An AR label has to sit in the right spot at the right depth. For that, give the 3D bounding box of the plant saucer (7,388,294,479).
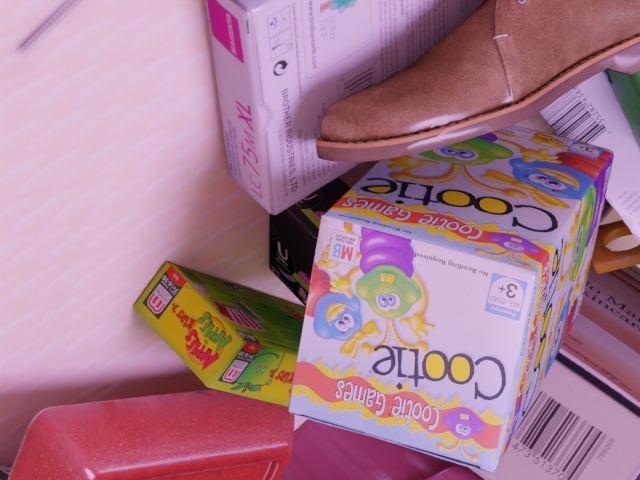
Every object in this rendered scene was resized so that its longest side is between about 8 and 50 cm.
[{"bbox_3d":[-0.136,0.229,1.291,0.258,0.048,0.259,-1,121,-50],"label":"plant saucer"}]

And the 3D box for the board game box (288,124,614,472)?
[{"bbox_3d":[0.097,0.022,1.230,0.275,0.144,0.142,-46,149,-64],"label":"board game box"}]

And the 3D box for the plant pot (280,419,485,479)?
[{"bbox_3d":[0.057,0.235,1.499,0.201,0.180,0.201,-29,142,-25],"label":"plant pot"}]

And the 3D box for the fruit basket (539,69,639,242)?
[{"bbox_3d":[0.377,-0.086,1.387,0.327,0.353,0.165,-39,-171,-4],"label":"fruit basket"}]

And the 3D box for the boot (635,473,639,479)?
[{"bbox_3d":[0.155,0.363,1.616,0.445,0.367,0.146,-40,113,-5],"label":"boot"}]

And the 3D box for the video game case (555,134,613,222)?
[{"bbox_3d":[0.245,-0.080,1.529,0.157,0.019,0.143,-49,148,2],"label":"video game case"}]

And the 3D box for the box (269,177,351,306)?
[{"bbox_3d":[0.000,0.000,1.294,0.052,0.062,0.083,-27,143,-26],"label":"box"}]

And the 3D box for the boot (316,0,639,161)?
[{"bbox_3d":[0.119,-0.140,1.172,0.305,0.112,0.115,-26,111,-21],"label":"boot"}]

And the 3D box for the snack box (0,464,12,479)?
[{"bbox_3d":[-0.259,0.245,1.260,0.187,0.060,0.322,-54,146,7],"label":"snack box"}]

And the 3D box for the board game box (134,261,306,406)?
[{"bbox_3d":[-0.043,0.075,1.297,0.043,0.092,0.181,-53,147,11],"label":"board game box"}]

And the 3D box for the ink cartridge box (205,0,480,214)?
[{"bbox_3d":[0.068,-0.165,1.200,0.311,0.065,0.185,-30,143,-21],"label":"ink cartridge box"}]

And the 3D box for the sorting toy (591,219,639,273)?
[{"bbox_3d":[0.389,-0.051,1.513,0.348,0.196,0.047,-21,119,0],"label":"sorting toy"}]

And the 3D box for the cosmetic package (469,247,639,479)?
[{"bbox_3d":[0.222,0.116,1.493,0.129,0.153,0.296,-60,170,20],"label":"cosmetic package"}]

> **EXERCISE DIRECTIONS**
Write out the listing again word for word, but without its pictures.

> **RESULT BELOW**
An AR label has to sit in the right spot at the right depth. For that, give the 3D bounding box of the plant saucer (7,388,294,479).
Every object in this rendered scene was resized so that its longest side is between about 8 and 50 cm.
[{"bbox_3d":[-0.136,0.229,1.291,0.258,0.048,0.259,-1,121,-50],"label":"plant saucer"}]

And the 3D box for the board game box (288,124,614,472)?
[{"bbox_3d":[0.097,0.022,1.230,0.275,0.144,0.142,-46,149,-64],"label":"board game box"}]

And the 3D box for the plant pot (280,419,485,479)?
[{"bbox_3d":[0.057,0.235,1.499,0.201,0.180,0.201,-29,142,-25],"label":"plant pot"}]

And the 3D box for the fruit basket (539,69,639,242)?
[{"bbox_3d":[0.377,-0.086,1.387,0.327,0.353,0.165,-39,-171,-4],"label":"fruit basket"}]

And the 3D box for the boot (635,473,639,479)?
[{"bbox_3d":[0.155,0.363,1.616,0.445,0.367,0.146,-40,113,-5],"label":"boot"}]

And the 3D box for the video game case (555,134,613,222)?
[{"bbox_3d":[0.245,-0.080,1.529,0.157,0.019,0.143,-49,148,2],"label":"video game case"}]

And the 3D box for the box (269,177,351,306)?
[{"bbox_3d":[0.000,0.000,1.294,0.052,0.062,0.083,-27,143,-26],"label":"box"}]

And the 3D box for the boot (316,0,639,161)?
[{"bbox_3d":[0.119,-0.140,1.172,0.305,0.112,0.115,-26,111,-21],"label":"boot"}]

And the 3D box for the snack box (0,464,12,479)?
[{"bbox_3d":[-0.259,0.245,1.260,0.187,0.060,0.322,-54,146,7],"label":"snack box"}]

And the 3D box for the board game box (134,261,306,406)?
[{"bbox_3d":[-0.043,0.075,1.297,0.043,0.092,0.181,-53,147,11],"label":"board game box"}]

And the 3D box for the ink cartridge box (205,0,480,214)?
[{"bbox_3d":[0.068,-0.165,1.200,0.311,0.065,0.185,-30,143,-21],"label":"ink cartridge box"}]

And the 3D box for the sorting toy (591,219,639,273)?
[{"bbox_3d":[0.389,-0.051,1.513,0.348,0.196,0.047,-21,119,0],"label":"sorting toy"}]

And the 3D box for the cosmetic package (469,247,639,479)?
[{"bbox_3d":[0.222,0.116,1.493,0.129,0.153,0.296,-60,170,20],"label":"cosmetic package"}]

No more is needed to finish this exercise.